Give the data again exactly as written, skipping any pictures.
---*---
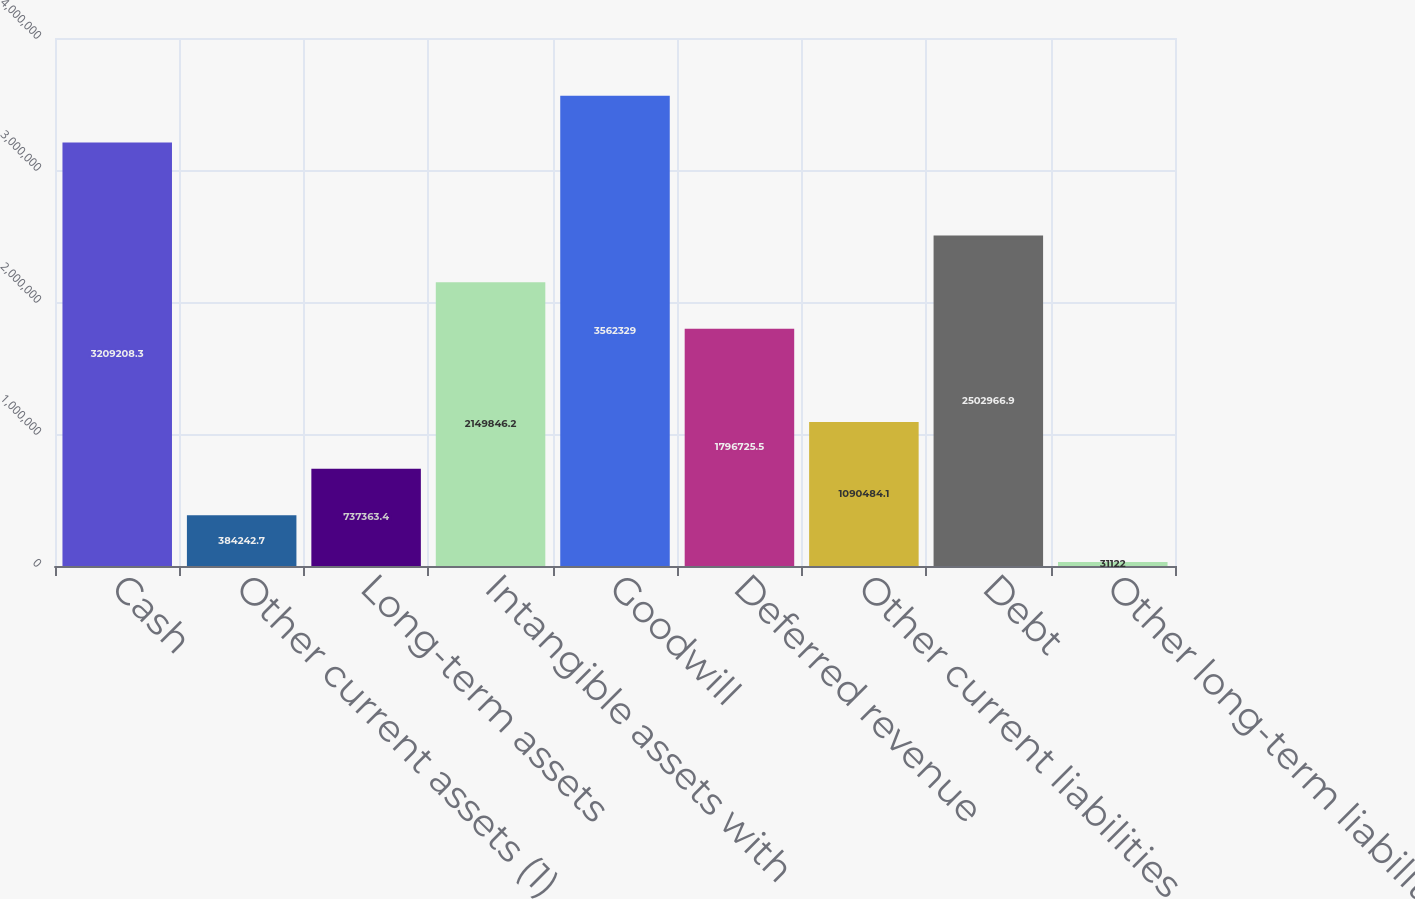<chart> <loc_0><loc_0><loc_500><loc_500><bar_chart><fcel>Cash<fcel>Other current assets (1)<fcel>Long-term assets<fcel>Intangible assets with<fcel>Goodwill<fcel>Deferred revenue<fcel>Other current liabilities<fcel>Debt<fcel>Other long-term liabilities<nl><fcel>3.20921e+06<fcel>384243<fcel>737363<fcel>2.14985e+06<fcel>3.56233e+06<fcel>1.79673e+06<fcel>1.09048e+06<fcel>2.50297e+06<fcel>31122<nl></chart> 
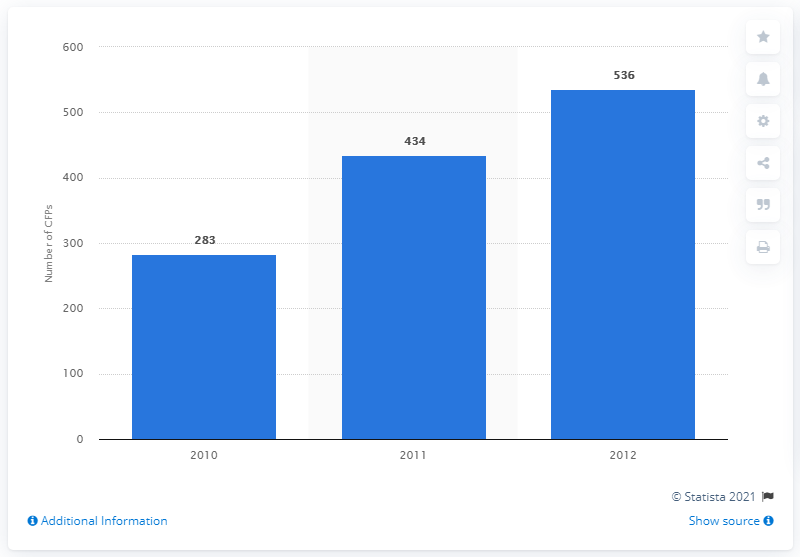Highlight a few significant elements in this photo. In 2011, there were 434 crowdfunding platforms. 
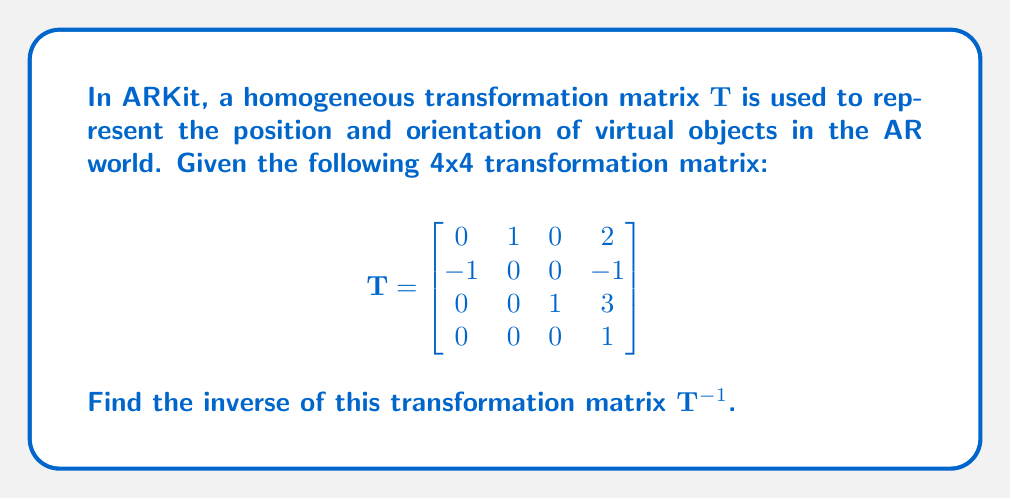Help me with this question. To find the inverse of a homogeneous transformation matrix, we can use the special structure of these matrices. A homogeneous transformation matrix $\mathbf{T}$ can be written as:

$$\mathbf{T} = \begin{bmatrix}
\mathbf{R} & \mathbf{t} \\
\mathbf{0}^T & 1
\end{bmatrix}$$

Where $\mathbf{R}$ is a 3x3 rotation matrix and $\mathbf{t}$ is a 3x1 translation vector.

The inverse of $\mathbf{T}$ is given by:

$$\mathbf{T}^{-1} = \begin{bmatrix}
\mathbf{R}^T & -\mathbf{R}^T\mathbf{t} \\
\mathbf{0}^T & 1
\end{bmatrix}$$

For our given matrix:

$$\mathbf{R} = \begin{bmatrix}
0 & 1 & 0 \\
-1 & 0 & 0 \\
0 & 0 & 1
\end{bmatrix}, \quad \mathbf{t} = \begin{bmatrix}
2 \\ -1 \\ 3
\end{bmatrix}$$

Step 1: Calculate $\mathbf{R}^T$
$$\mathbf{R}^T = \begin{bmatrix}
0 & -1 & 0 \\
1 & 0 & 0 \\
0 & 0 & 1
\end{bmatrix}$$

Step 2: Calculate $-\mathbf{R}^T\mathbf{t}$
$$-\mathbf{R}^T\mathbf{t} = -\begin{bmatrix}
0 & -1 & 0 \\
1 & 0 & 0 \\
0 & 0 & 1
\end{bmatrix}\begin{bmatrix}
2 \\ -1 \\ 3
\end{bmatrix} = \begin{bmatrix}
1 \\ -2 \\ -3
\end{bmatrix}$$

Step 3: Assemble the inverse matrix
$$\mathbf{T}^{-1} = \begin{bmatrix}
0 & -1 & 0 & 1 \\
1 & 0 & 0 & -2 \\
0 & 0 & 1 & -3 \\
0 & 0 & 0 & 1
\end{bmatrix}$$
Answer: $$\mathbf{T}^{-1} = \begin{bmatrix}
0 & -1 & 0 & 1 \\
1 & 0 & 0 & -2 \\
0 & 0 & 1 & -3 \\
0 & 0 & 0 & 1
\end{bmatrix}$$ 
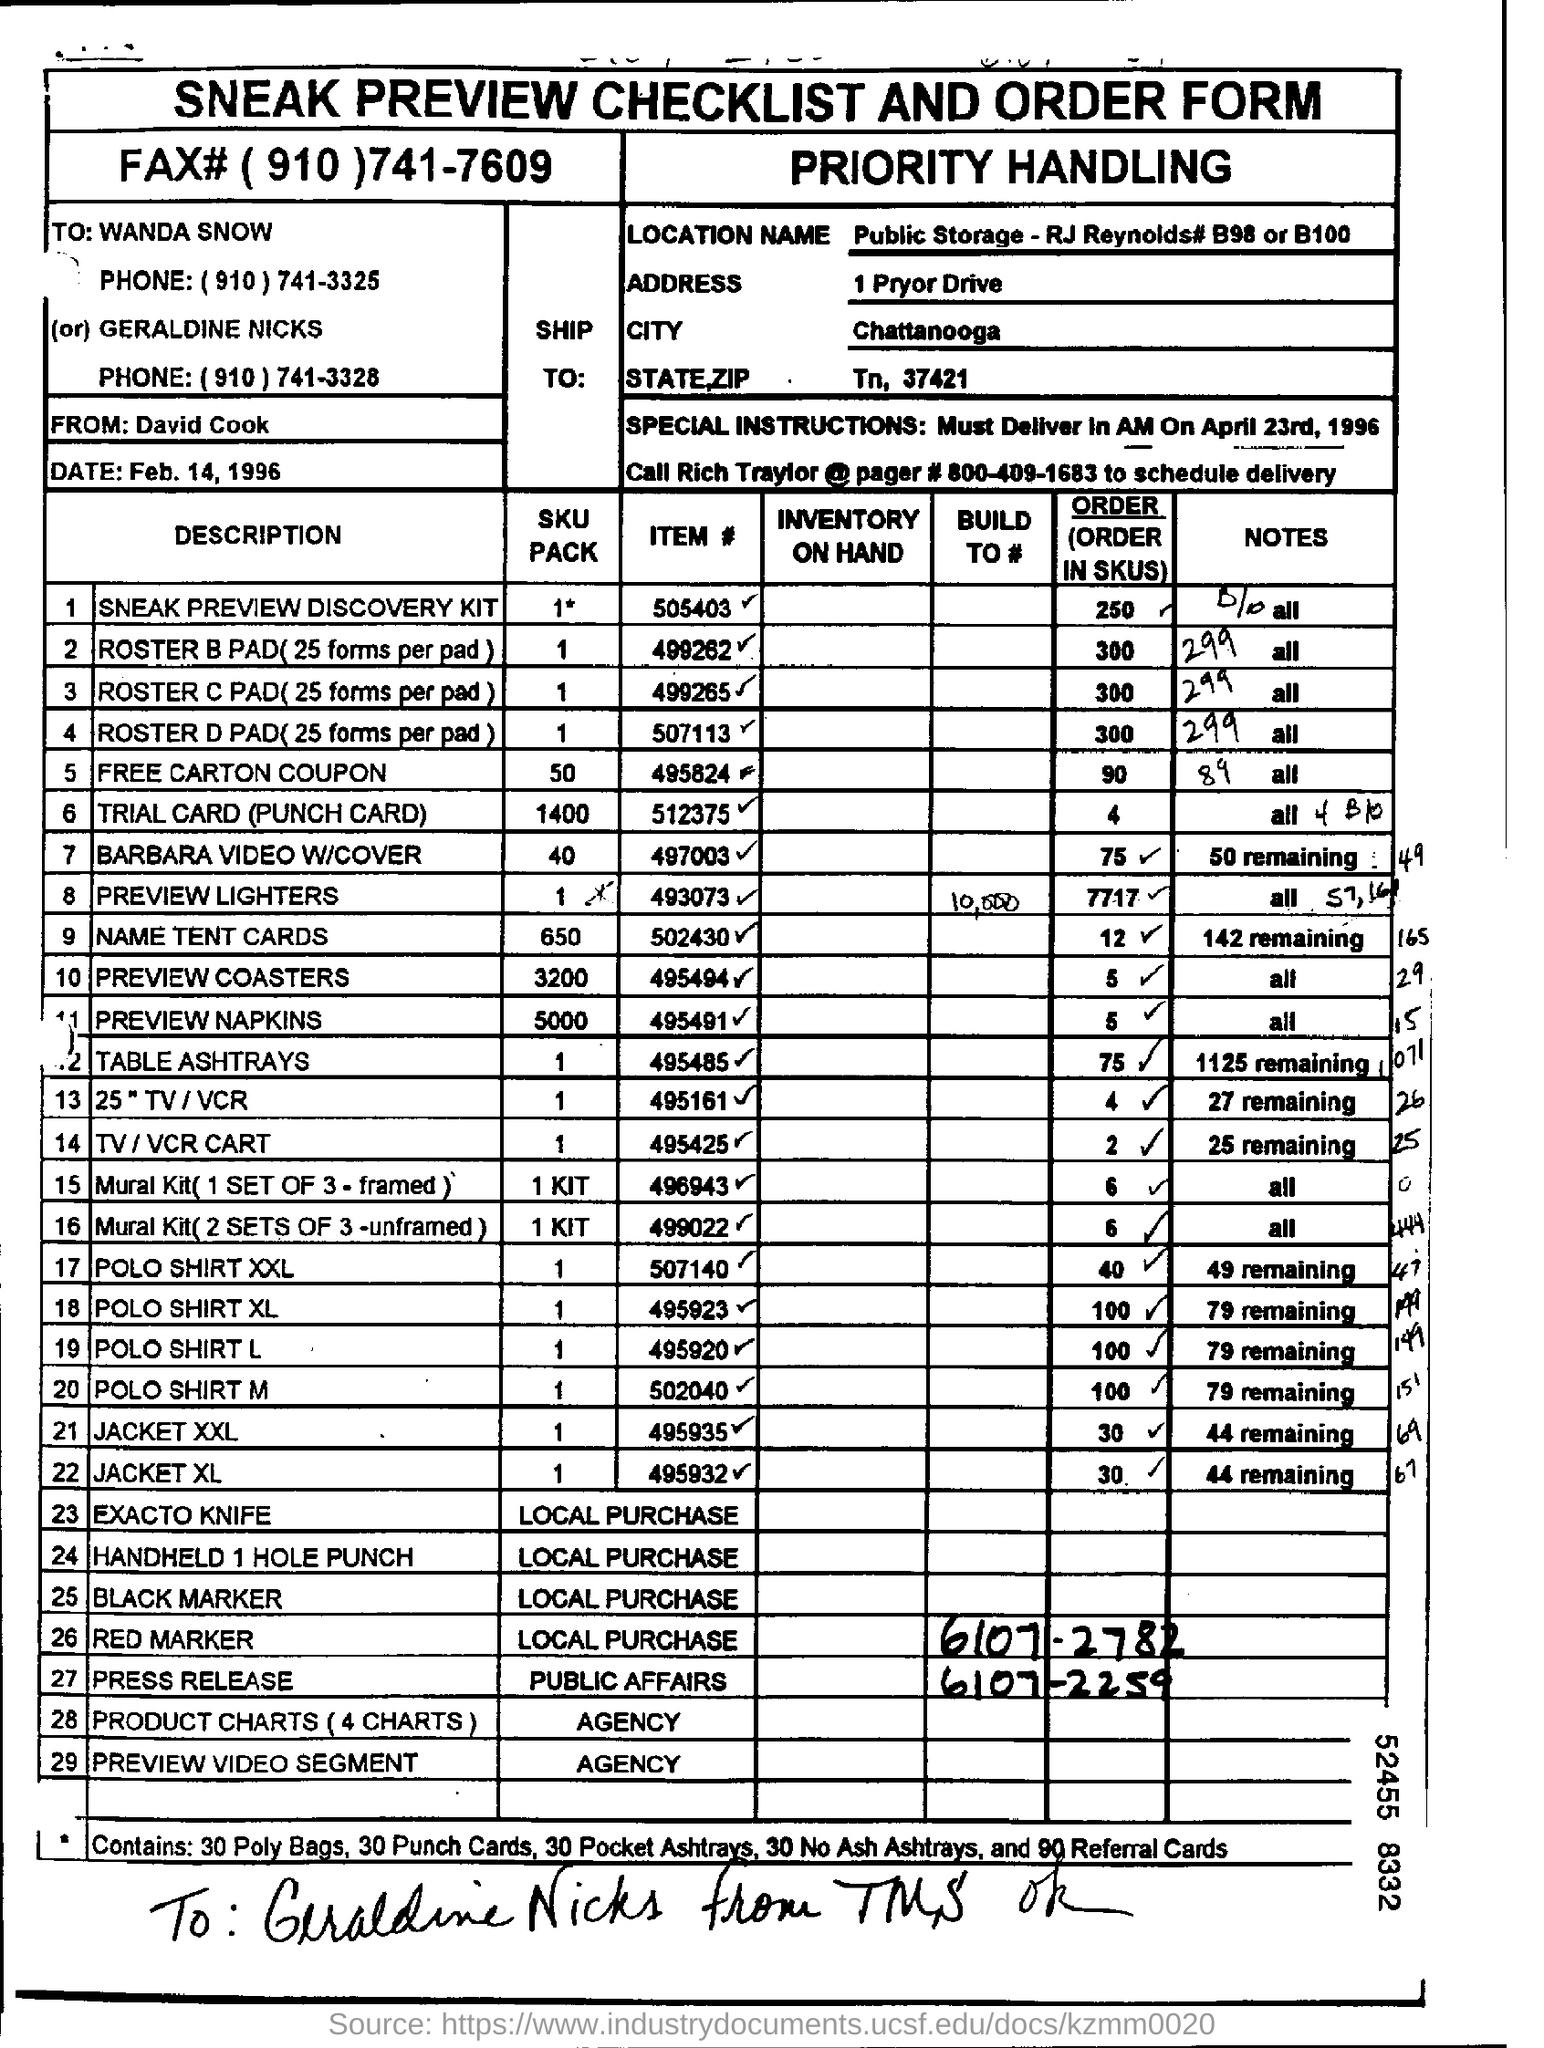List a handful of essential elements in this visual. The heading of the document is 'SNEAK PREVIEW CHECKLIST AND ORDER FORM.' The city of Chattanooga is specifically referred to in the text.
---*---
- Result of the exercise -
<chart> <loc_0><loc_0><loc_500><loc_500><bar_chart><fcel>Cash<fcel>Other current assets (1)<fcel>Long-term assets<fcel>Intangible assets with<fcel>Goodwill<fcel>Deferred revenue<fcel>Other current liabilities<fcel>Debt<fcel>Other long-term liabilities<nl><fcel>3.20921e+06<fcel>384243<fcel>737363<fcel>2.14985e+06<fcel>3.56233e+06<fcel>1.79673e+06<fcel>1.09048e+06<fcel>2.50297e+06<fcel>31122<nl></chart> 
Highlight a few significant elements in this photo. In 2011, there were 434 crowdfunding platforms. 
Help me with this question. To find the inverse of a homogeneous transformation matrix, we can use the special structure of these matrices. A homogeneous transformation matrix $\mathbf{T}$ can be written as:

$$\mathbf{T} = \begin{bmatrix}
\mathbf{R} & \mathbf{t} \\
\mathbf{0}^T & 1
\end{bmatrix}$$

Where $\mathbf{R}$ is a 3x3 rotation matrix and $\mathbf{t}$ is a 3x1 translation vector.

The inverse of $\mathbf{T}$ is given by:

$$\mathbf{T}^{-1} = \begin{bmatrix}
\mathbf{R}^T & -\mathbf{R}^T\mathbf{t} \\
\mathbf{0}^T & 1
\end{bmatrix}$$

For our given matrix:

$$\mathbf{R} = \begin{bmatrix}
0 & 1 & 0 \\
-1 & 0 & 0 \\
0 & 0 & 1
\end{bmatrix}, \quad \mathbf{t} = \begin{bmatrix}
2 \\ -1 \\ 3
\end{bmatrix}$$

Step 1: Calculate $\mathbf{R}^T$
$$\mathbf{R}^T = \begin{bmatrix}
0 & -1 & 0 \\
1 & 0 & 0 \\
0 & 0 & 1
\end{bmatrix}$$

Step 2: Calculate $-\mathbf{R}^T\mathbf{t}$
$$-\mathbf{R}^T\mathbf{t} = -\begin{bmatrix}
0 & -1 & 0 \\
1 & 0 & 0 \\
0 & 0 & 1
\end{bmatrix}\begin{bmatrix}
2 \\ -1 \\ 3
\end{bmatrix} = \begin{bmatrix}
1 \\ -2 \\ -3
\end{bmatrix}$$

Step 3: Assemble the inverse matrix
$$\mathbf{T}^{-1} = \begin{bmatrix}
0 & -1 & 0 & 1 \\
1 & 0 & 0 & -2 \\
0 & 0 & 1 & -3 \\
0 & 0 & 0 & 1
\end{bmatrix}$$
Answer: $$\mathbf{T}^{-1} = \begin{bmatrix}
0 & -1 & 0 & 1 \\
1 & 0 & 0 & -2 \\
0 & 0 & 1 & -3 \\
0 & 0 & 0 & 1
\end{bmatrix}$$ 
List a handful of essential elements in this visual. The heading of the document is 'SNEAK PREVIEW CHECKLIST AND ORDER FORM.' The city of Chattanooga is specifically referred to in the text.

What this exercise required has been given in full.